Effect of alkali treatment on mechanical and water absorption properties of biodegradable wheat-straw/glass fiber reinforced epoxy hybrid composites: A sustainable alternative for conventional materials.

ABSTRACT

Fiber-reinforced polymer composites are preferred over conventional materials because of their superior strength and modulus. Previously limited due to high manufacturing costs, synthetic fibers have been replaced by some natural fibers, such as waste wheat straw fibers. Here, epoxy-based polymer composites' mechanical and physical properties have been investigated, focusing on fiber weight ratios for both treated and untreated fiber. The research found that treated fibers display more effective mechanical qualities than untreated fibers, with a higher tensile strength of 54.4 MPa.
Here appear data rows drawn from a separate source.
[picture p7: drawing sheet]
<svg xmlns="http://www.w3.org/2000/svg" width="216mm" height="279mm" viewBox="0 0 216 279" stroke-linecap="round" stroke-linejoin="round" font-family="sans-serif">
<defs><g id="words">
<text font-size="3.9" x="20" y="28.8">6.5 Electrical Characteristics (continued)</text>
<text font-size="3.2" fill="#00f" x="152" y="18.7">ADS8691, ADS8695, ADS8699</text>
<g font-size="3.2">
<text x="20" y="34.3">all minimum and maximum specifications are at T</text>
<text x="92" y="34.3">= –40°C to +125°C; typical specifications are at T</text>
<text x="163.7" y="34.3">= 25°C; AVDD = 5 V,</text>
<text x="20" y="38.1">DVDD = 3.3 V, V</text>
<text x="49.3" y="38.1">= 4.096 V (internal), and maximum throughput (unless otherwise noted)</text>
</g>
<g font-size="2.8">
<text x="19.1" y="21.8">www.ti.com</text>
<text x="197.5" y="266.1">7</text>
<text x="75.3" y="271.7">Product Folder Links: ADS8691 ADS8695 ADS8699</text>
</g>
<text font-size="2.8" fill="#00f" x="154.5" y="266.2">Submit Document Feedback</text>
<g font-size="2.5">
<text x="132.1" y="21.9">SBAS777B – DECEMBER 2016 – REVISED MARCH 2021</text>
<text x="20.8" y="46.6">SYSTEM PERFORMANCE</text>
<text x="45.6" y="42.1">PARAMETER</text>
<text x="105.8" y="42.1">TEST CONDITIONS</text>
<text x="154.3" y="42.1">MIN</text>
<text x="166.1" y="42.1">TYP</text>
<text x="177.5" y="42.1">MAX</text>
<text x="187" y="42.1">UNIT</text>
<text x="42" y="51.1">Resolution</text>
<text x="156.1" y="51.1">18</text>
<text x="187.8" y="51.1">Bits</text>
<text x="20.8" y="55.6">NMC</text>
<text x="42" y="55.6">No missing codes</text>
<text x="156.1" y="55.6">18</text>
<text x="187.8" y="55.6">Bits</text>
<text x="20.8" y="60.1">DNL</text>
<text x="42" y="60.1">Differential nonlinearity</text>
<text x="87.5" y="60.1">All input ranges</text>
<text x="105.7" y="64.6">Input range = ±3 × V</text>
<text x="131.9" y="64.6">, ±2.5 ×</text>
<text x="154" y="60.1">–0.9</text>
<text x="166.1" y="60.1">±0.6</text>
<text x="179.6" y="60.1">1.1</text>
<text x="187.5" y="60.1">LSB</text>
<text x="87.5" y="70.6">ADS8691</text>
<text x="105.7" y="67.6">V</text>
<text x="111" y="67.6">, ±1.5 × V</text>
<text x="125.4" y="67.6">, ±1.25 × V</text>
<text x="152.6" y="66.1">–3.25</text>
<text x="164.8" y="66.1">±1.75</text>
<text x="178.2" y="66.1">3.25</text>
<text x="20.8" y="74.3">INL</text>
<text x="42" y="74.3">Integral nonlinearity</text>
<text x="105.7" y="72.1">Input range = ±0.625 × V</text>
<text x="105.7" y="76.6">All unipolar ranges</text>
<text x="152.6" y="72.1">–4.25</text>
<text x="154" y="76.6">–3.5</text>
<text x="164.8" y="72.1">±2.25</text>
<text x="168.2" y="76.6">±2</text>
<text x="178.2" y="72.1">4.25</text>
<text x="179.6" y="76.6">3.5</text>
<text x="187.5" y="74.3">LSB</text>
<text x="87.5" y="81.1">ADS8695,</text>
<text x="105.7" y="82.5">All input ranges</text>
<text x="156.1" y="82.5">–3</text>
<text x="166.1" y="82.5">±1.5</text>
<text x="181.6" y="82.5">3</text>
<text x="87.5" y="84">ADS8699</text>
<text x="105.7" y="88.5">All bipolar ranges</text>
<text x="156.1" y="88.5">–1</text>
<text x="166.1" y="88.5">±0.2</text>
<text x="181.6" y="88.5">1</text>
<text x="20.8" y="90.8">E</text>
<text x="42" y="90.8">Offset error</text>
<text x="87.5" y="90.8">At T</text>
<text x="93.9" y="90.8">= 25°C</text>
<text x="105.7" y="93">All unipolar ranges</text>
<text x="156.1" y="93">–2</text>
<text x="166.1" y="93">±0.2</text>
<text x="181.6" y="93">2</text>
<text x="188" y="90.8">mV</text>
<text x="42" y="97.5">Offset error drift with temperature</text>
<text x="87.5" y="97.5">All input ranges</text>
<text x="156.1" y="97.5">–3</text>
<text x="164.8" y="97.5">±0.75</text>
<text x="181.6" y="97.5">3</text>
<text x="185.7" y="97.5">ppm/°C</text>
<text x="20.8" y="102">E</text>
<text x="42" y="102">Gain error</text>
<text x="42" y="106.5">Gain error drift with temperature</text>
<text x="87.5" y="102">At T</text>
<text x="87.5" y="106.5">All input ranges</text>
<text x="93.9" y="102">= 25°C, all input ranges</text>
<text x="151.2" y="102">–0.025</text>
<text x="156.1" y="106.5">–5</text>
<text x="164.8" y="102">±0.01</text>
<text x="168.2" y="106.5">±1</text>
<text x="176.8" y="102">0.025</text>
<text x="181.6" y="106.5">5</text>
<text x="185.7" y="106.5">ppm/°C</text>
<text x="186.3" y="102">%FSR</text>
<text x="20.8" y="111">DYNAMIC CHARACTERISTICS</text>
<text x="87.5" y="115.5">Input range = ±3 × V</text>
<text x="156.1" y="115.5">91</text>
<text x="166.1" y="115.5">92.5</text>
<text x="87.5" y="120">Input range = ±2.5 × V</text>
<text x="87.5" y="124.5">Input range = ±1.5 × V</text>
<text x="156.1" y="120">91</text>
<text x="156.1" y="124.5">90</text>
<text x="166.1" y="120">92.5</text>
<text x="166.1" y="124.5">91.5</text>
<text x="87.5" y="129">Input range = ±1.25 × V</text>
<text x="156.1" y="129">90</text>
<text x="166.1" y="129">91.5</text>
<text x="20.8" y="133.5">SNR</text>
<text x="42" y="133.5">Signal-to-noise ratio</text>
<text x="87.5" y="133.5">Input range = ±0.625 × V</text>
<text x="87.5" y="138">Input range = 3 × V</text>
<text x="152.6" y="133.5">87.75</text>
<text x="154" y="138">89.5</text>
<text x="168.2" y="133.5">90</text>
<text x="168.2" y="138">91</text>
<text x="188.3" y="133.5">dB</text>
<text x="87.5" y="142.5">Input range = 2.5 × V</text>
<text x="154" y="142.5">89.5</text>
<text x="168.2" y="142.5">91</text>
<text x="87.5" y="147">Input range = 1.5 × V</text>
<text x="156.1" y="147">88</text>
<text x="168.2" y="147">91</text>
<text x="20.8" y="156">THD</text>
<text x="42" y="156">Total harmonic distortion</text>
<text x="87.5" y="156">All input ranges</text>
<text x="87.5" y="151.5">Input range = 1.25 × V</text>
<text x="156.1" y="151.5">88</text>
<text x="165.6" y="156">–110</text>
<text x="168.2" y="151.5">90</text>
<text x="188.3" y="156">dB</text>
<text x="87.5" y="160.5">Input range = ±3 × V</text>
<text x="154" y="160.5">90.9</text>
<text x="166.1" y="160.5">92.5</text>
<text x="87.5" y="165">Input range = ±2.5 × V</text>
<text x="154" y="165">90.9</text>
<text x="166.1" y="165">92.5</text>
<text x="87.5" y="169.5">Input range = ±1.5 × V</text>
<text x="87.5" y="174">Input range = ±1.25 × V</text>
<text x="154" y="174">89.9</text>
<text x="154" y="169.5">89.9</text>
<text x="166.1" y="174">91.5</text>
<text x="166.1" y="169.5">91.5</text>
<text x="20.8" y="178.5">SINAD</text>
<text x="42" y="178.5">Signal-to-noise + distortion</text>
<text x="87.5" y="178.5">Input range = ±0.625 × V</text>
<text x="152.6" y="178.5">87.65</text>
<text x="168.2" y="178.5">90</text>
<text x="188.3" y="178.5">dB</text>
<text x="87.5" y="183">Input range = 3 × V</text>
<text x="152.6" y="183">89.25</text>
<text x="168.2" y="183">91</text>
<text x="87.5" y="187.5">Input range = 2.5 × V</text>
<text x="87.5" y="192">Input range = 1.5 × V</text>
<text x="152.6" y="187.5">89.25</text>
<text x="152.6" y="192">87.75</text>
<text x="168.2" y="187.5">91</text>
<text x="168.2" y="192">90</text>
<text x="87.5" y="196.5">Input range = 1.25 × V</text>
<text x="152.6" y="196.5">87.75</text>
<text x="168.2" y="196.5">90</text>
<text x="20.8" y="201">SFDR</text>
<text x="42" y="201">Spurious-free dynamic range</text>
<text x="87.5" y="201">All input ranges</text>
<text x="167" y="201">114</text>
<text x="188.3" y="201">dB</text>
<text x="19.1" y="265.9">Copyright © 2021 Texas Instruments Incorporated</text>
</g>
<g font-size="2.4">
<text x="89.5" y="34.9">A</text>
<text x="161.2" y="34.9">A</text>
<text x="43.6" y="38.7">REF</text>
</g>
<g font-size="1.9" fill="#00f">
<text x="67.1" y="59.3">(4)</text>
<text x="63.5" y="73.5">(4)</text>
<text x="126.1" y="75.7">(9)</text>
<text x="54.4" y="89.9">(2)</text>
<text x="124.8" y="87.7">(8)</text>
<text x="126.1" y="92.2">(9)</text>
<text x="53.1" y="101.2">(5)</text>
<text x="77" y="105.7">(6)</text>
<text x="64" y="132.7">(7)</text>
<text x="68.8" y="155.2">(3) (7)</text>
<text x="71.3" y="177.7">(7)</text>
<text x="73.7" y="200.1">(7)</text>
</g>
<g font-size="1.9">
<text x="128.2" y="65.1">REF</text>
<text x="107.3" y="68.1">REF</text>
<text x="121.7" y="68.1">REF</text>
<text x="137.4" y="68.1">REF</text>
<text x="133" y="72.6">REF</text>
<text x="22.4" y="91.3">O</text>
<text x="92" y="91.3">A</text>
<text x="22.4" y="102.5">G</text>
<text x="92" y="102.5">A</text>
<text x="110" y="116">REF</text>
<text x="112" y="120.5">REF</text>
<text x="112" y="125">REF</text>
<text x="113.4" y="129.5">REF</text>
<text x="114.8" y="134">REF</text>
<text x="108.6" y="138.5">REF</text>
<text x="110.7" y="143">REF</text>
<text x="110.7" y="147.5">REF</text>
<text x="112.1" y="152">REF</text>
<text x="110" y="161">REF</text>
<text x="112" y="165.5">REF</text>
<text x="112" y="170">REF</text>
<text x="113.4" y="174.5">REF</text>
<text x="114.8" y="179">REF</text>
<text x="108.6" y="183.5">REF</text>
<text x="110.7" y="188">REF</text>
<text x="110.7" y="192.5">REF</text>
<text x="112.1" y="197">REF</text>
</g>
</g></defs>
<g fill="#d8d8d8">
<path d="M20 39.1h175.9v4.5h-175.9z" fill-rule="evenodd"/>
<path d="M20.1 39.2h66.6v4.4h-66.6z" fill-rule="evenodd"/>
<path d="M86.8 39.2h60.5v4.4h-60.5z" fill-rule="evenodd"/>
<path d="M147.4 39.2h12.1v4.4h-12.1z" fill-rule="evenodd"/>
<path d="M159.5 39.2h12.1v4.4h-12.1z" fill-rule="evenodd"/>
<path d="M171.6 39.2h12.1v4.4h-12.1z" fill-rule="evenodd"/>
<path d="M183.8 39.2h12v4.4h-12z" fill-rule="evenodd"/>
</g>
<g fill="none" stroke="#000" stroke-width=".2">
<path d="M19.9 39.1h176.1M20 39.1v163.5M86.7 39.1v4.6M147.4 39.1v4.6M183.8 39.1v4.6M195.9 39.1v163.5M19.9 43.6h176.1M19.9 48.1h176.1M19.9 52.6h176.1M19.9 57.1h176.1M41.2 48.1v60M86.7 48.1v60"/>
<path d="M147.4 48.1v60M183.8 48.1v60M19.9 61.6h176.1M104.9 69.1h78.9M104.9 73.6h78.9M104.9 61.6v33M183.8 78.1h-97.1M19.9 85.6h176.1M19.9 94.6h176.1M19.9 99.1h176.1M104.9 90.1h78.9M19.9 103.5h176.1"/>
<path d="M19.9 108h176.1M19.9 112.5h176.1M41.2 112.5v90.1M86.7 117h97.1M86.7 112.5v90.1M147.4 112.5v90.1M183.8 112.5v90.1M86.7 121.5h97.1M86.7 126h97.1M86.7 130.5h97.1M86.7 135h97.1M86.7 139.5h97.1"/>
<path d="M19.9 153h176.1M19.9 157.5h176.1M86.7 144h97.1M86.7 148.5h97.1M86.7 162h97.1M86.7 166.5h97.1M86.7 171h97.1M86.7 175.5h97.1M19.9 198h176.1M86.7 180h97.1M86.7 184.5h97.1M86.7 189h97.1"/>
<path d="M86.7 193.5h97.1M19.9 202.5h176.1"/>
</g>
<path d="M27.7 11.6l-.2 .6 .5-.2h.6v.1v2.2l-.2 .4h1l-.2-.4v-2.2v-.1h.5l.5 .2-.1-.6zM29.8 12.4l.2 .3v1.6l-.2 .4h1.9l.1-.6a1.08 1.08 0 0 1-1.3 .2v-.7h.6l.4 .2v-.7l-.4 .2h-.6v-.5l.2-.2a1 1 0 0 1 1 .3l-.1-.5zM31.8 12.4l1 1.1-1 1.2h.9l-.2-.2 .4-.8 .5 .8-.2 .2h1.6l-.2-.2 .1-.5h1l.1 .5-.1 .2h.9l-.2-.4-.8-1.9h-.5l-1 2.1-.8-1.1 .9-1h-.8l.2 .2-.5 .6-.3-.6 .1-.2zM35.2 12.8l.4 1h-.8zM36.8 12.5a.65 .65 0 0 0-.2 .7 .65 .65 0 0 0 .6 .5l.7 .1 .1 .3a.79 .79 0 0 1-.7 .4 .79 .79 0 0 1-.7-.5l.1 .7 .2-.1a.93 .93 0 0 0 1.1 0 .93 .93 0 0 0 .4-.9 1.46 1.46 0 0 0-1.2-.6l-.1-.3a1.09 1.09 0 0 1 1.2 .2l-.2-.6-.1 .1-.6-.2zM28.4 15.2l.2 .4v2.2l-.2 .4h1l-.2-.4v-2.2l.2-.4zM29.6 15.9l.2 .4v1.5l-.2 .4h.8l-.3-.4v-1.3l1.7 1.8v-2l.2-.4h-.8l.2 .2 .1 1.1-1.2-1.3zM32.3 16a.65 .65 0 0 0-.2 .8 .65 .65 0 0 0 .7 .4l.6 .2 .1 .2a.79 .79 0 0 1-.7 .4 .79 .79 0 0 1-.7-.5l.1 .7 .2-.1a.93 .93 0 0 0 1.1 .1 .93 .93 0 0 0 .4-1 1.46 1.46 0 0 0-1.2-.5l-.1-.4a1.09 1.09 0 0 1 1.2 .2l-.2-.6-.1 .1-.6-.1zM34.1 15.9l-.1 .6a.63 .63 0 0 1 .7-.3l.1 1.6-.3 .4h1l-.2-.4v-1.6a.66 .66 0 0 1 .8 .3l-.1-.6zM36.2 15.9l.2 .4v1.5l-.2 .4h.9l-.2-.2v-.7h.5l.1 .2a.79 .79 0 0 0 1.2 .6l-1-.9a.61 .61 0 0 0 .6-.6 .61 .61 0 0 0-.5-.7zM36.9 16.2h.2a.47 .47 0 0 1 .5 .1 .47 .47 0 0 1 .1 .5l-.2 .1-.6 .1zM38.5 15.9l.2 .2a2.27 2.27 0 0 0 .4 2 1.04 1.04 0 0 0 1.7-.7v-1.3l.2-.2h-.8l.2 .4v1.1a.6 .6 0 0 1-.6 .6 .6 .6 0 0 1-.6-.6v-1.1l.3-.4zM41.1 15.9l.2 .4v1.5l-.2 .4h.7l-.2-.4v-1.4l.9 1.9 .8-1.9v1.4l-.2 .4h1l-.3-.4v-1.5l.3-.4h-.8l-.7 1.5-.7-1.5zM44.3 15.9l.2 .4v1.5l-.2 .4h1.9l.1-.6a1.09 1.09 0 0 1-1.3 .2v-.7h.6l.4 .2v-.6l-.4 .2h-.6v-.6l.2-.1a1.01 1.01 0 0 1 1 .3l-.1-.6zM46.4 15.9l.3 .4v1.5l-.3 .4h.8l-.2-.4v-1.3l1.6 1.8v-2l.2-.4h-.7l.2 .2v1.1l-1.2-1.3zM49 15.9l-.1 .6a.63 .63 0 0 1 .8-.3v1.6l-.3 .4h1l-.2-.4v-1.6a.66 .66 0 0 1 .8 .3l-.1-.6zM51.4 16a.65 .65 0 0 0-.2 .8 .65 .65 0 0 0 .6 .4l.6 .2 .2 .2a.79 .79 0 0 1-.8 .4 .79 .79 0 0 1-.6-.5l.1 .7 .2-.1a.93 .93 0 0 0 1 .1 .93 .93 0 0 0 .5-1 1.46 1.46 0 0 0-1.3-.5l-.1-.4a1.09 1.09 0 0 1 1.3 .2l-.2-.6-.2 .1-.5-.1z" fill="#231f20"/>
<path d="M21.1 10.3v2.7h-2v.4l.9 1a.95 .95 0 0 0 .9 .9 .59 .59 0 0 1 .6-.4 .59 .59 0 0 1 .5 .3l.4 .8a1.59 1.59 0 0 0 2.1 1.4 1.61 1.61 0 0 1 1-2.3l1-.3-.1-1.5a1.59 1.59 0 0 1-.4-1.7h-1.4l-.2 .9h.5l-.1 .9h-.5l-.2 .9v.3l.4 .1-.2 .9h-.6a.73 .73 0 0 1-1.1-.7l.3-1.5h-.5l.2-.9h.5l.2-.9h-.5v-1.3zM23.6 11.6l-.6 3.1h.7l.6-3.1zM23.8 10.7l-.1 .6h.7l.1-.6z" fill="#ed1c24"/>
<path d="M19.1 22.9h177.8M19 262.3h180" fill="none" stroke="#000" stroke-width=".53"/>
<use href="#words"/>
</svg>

The untreated Wheat Straw-Glass fiber reinforced composite has a less tensile strength of 26.3 MPa (10 wt% fiber). Pure resin-based composite has the most minor tensile strength at 1.52 MPa. The highest flexural strength obtained for hybrid composite is 88.76 MPa for treated fiber with epoxy resin and 49.6 MPa for untreated 30 wt % fiber. At the same time, the sole epoxy resin composite has the lowest value of 10.60 MPa. Untreated fiber (30 wt%) has the highest impact energy of 8J. Untreated wheat straw fiber absorbs more water due to its hydrophilic nature. In contrast, treated fiber exhibits better bonding and minimal water content, and the sole epoxy resin composite exhibits hydrophobic properties, resulting in less water absorption. The treated fiber displays better bonding than the untreated fiber throughout the SEM analysis. Wheat Straw fiber is mainly used for biodegradable plastic formation, housing construction, building materials, etc.